October 16, 2009 11:12 AM ET | Robert Schlesinger | Permanent Link | Print

By Robert Schlesinger, Thomas Jefferson Street blog

I wrote yesterday about a new Pew poll showing that Americans are evenly divided (47 percent to 47 percent) about whether they would get the H1N1 vaccine. But there was one other data tidbit from the poll that was so striking that I thought it merits its own blog post. According to Pew, there is a partisan split on the vaccine. To wit, 60 percent of Democratic respondents said that they would get the vaccine and 34 percent said they would not. Conversely, only 41 percent of Republicans said they would take the vaccine while 54 percent said that they would not. (Warning for Democrats: Independents have the same 41-54 split.)

Perhaps not surprisingly, Democrats and Republicans also had starkly different views of how the press is handling the H1N1 story: 53 percent of Democrats think the media has presented the story "about right," while 35 percent think the danger has been overstated.
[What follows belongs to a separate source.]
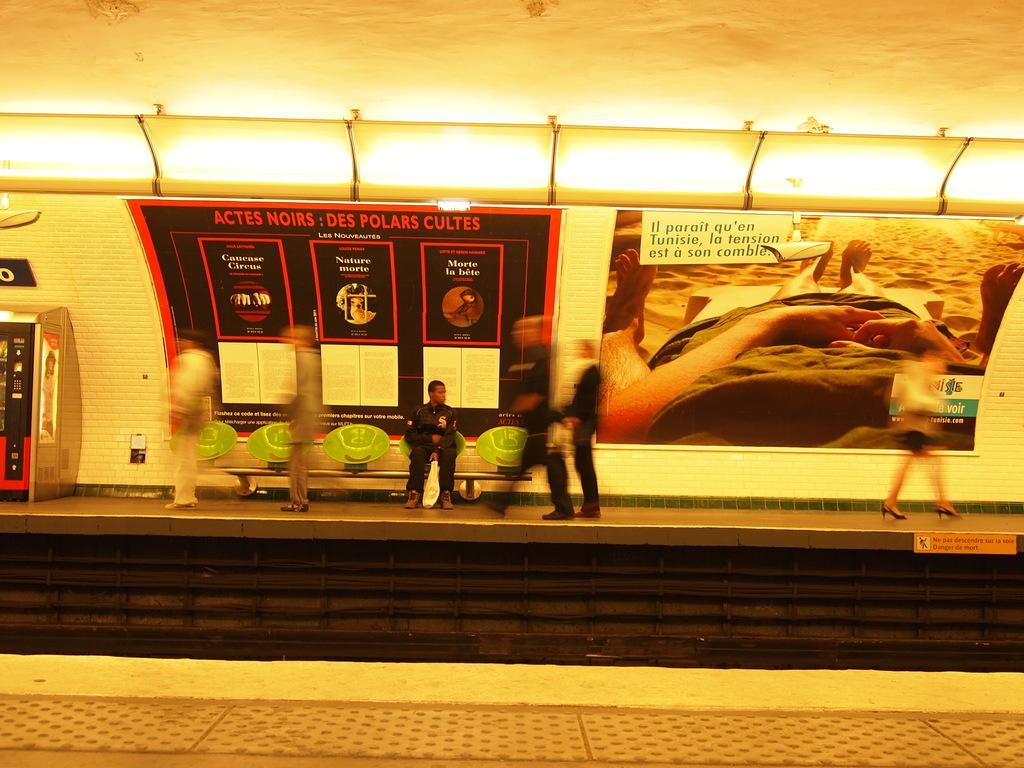In one or two sentences, can you explain what this image depicts? This image is clicked in a railway station, there are platforms on either side with a track in the middle and people walking in the back platform and a person sitting on chair and there are lights over the ceiling with ad banners below it. 
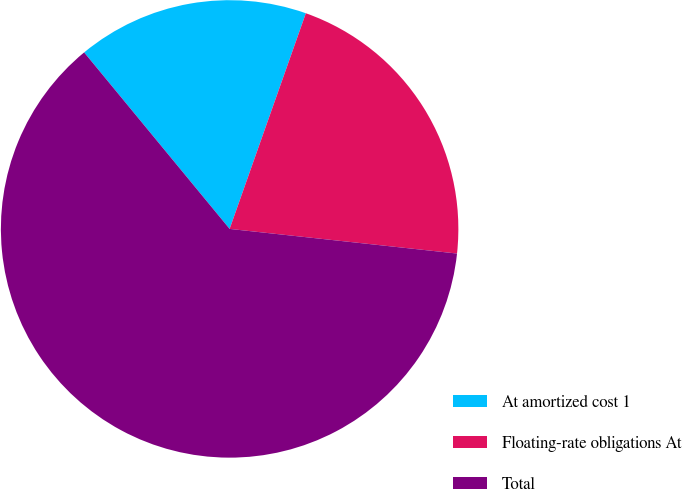Convert chart to OTSL. <chart><loc_0><loc_0><loc_500><loc_500><pie_chart><fcel>At amortized cost 1<fcel>Floating-rate obligations At<fcel>Total<nl><fcel>16.38%<fcel>21.31%<fcel>62.31%<nl></chart> 
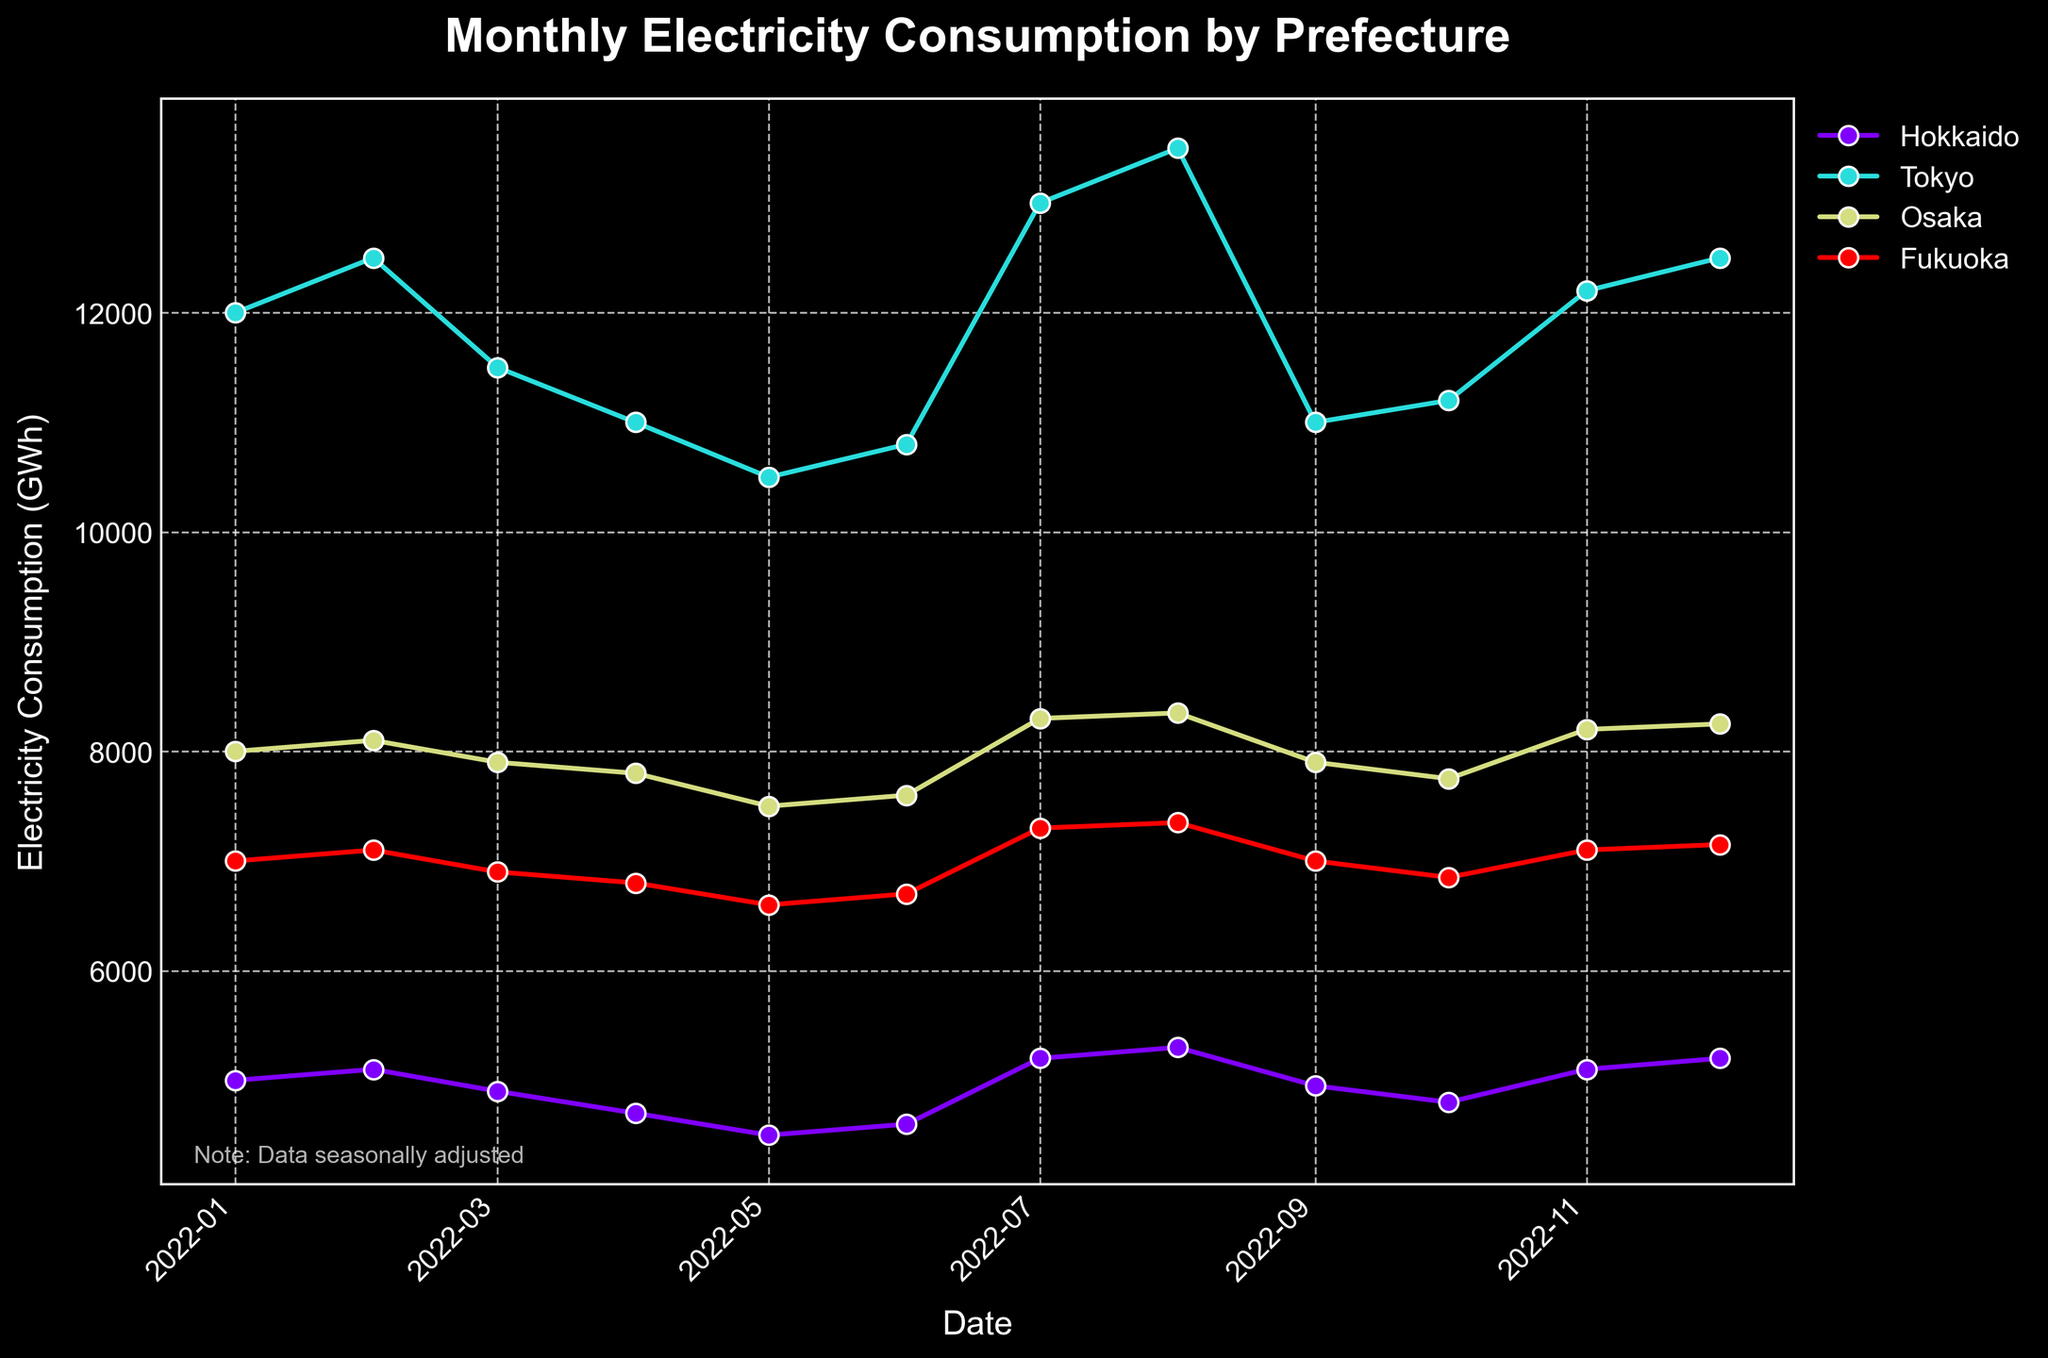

The numbers are practically flipped for Republicans, with 41 percent thinking the media's gotten it right and 54 percent saying the danger was overstated. (Independents are OK with the media's handling of the story by a 44-42 edge, and overall respondents think the press has done a good job by 46-43 percent.)

That said there's room here for sociological discussion of the GOP as anti-intellectual/anti-science/anti-government—the party of truthiness. Add this one to the anecdote pile.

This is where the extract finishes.